I was recently asked by a “small” investor/landlord what the likelihood would be that an “above guideline” rent increase would get approved by the Landlord & Tenant Board (LTB) given the fact that his expenses are about to increase astronomically when his mortgage renewal goes through.


 


The short answer is there is no chance whatsoever that that would get approved….

 

The longer answer is that there are a lot of complexities to this issue because what is good for a landlord is not necessarily good for a tenant, & vice versa.

 

For properties that fall under rent-control rules, the approved rent increase for 2023 was 2.5%. The approved rent increase for 2024 is 2.5%. Meanwhile, landlords’ expenses have sky-rocketed with insurance up 25-30% & mortgage costs up by more than 30%.

 

Every investment comes with a certain amount of risk. And to be fair, it’s not the tenant’s responsibility to help a landlord cover their expenses. It’s the landlord’s responsibility to provide a livable space to a tenant for an agreed upon price, at agreed upon terms.

 

BUT…

 

The reality of rents not covering expenses means that landlords have a shortfall that needs to be covered somehow every month.

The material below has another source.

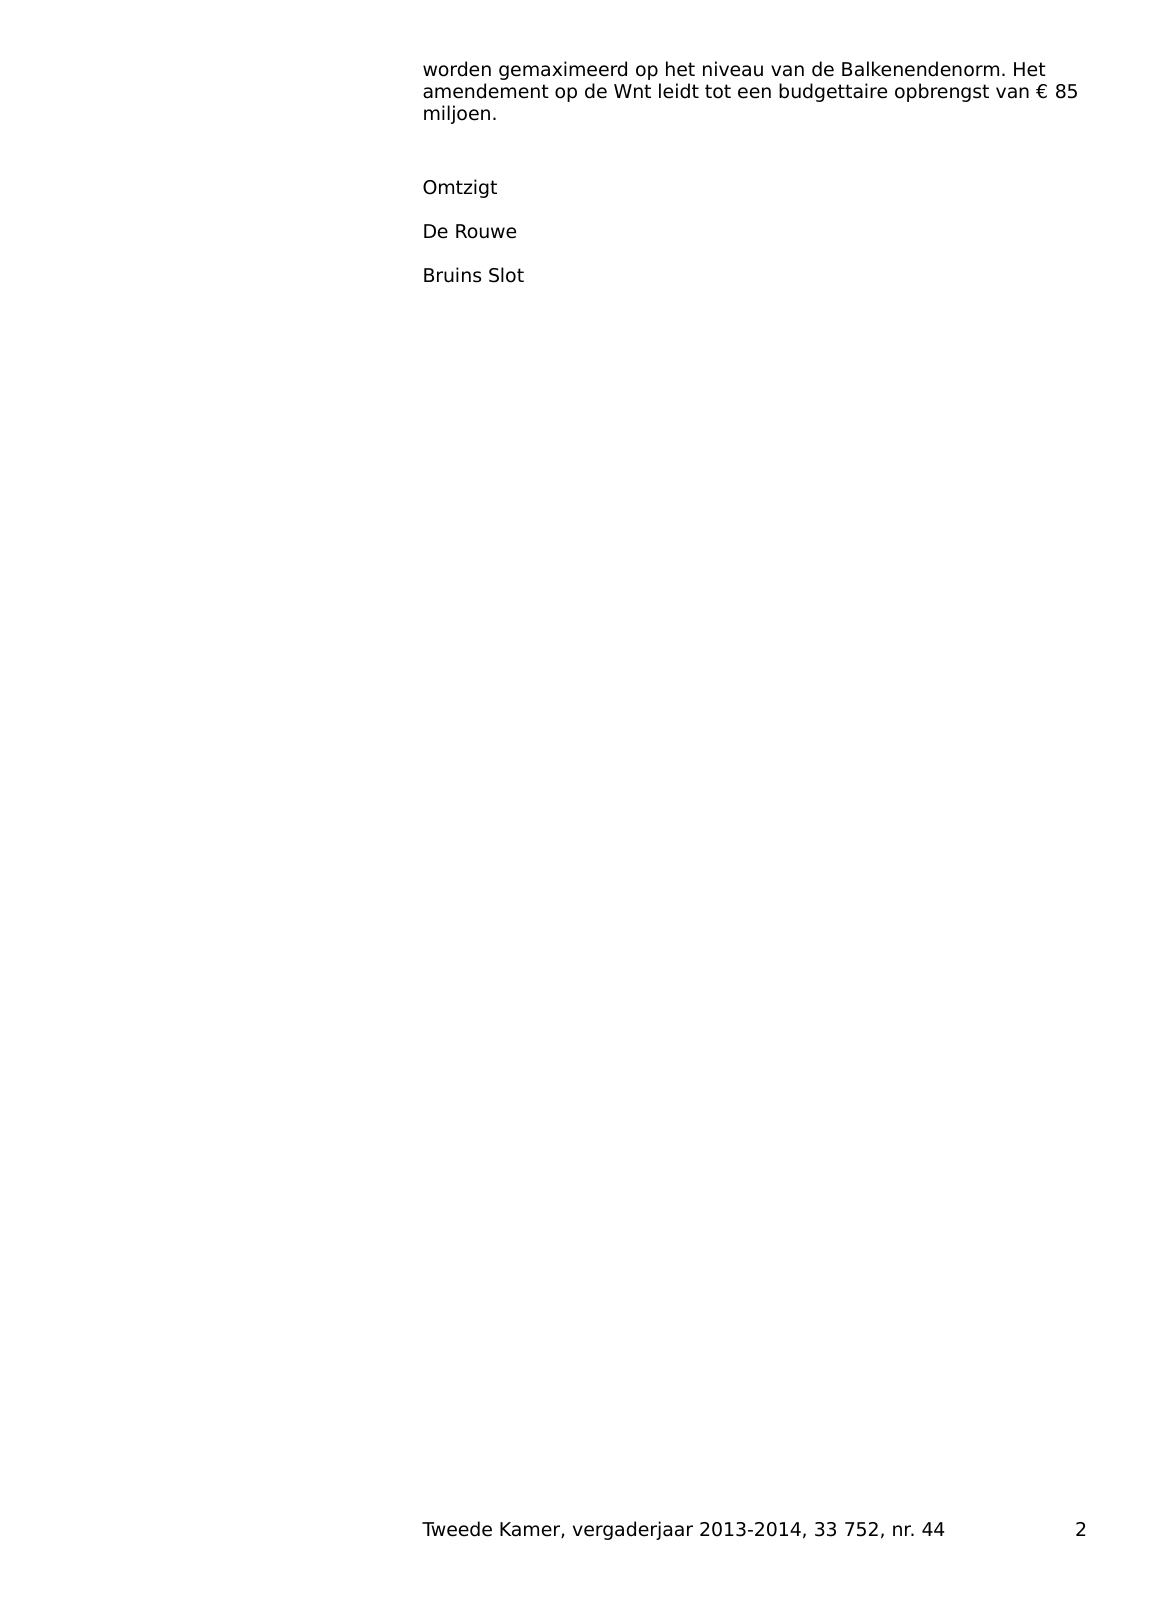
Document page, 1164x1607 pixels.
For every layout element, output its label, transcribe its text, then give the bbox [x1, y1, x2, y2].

text Omtzigt De Rouwe Bruins Slot [422, 155, 1087, 287]
text worden gemaximeerd op het niveau van de Balkenendenorm. Het amendement op de Wnt leidt tot een budgettaire opbrengst van € 85 miljoen. [422, 59, 1087, 125]

And let’s face it, the goal of investing is to make money.

 

Rentals.ca released some research earlier this year that said that the average advertised rental price in April was up 20% from pandemic lows in April 2021. And that the average rents across Canada were up 9.6% compared with April 2022. Read more in this article HERE

 

So that’s the kind of spread we’re talking about….

 

Or to make it even clearer with a real-life example, a small investor bought a sweet little property in 2021, rents were great, life was good. His variable rate mortgage is now $1,900/mo on his $1,100/mo rent & due to his particular financial situation, he has no choice but to bail out. $27.50/mo (2.5% rental increase) doesn’t do much to help his $800/mo shortfall…

 

But here’s where it gets really tricky:

 

Who is willing to buy an investment property that costs them money each month rather than pays them money each month (or at the very least is cashflow neutral)? So now we’re talking loss of value to the property itself, because it’s not an investment that makes sense to a prospective purchaser unless they’re getting a deep, deep discount on it! Capital gains just pile on to this already painful scenario that some landlords & would-be sellers are caught in.

 

Taking rental properties/units off the market also means less rental opportunities in our already critical housing supply shortage environment.

 

Less rental supply means higher rents & more competition for the existing supply.

 

 I know, I know, it feels like I'm always the voice of doom & gloom as I try to educate &  provide context to what's currently going on in the market! Sorry!

  

So here is the dilemma….

 

Should existing investors hang on? Extending amortizations to lower monthly costs until rates start to come down again?

 

A CIBC Landlord Poll found that 74% of homeowners believe that even with a negative cash flow, the tax deductions available to them can help make an income property a worthy investment. Read more about that HERE

 

Or should existing investors sell their Ontario rentals & buy in other provinces, overseas, or in the US, basically anywhere the laws governing tenancies are more fair to landlords & the price-points are likely to be lower as well.

 

And what about those who want to get into investing in real estate now? Or really, just get into the market, period.

 

Warren Buffett famously said “be fearful when others are greedy & be greedy when others are fearful”. Market and/or economic downturns are the best time to find the opportunities that will help you get ahead!

 

New investors can focus on units that are not covered by rent control, however they do need to stay in-line with “market” rents regardless of what their expenses are.

 

First-time homebuyers may find that this is their moment as well…writing about capitalizing on others’ misfortunes has a lot of “ick” to it, but that’s how our system is set up 🤷


Want to chat more about your real estate options? Call or text me at 647-697-4071 or email Kelly@HomeInDurham.ca


Additional Reading:

Analyzing An Investment Property HERE

Do The Math! - this was an email out to those who get my Mid-Month Note but I'd be happy to send it to you as well, just ask!


Until next time,



Golden Handcuffs

We used to use this expression when it came to employment & compensation packages, but now it’s just as applicable to the circumstances many would-be seller-buyers find themselves in today. Not to be confused with the Golden Parachute, which is a much more pleasant set of circumstances, lol!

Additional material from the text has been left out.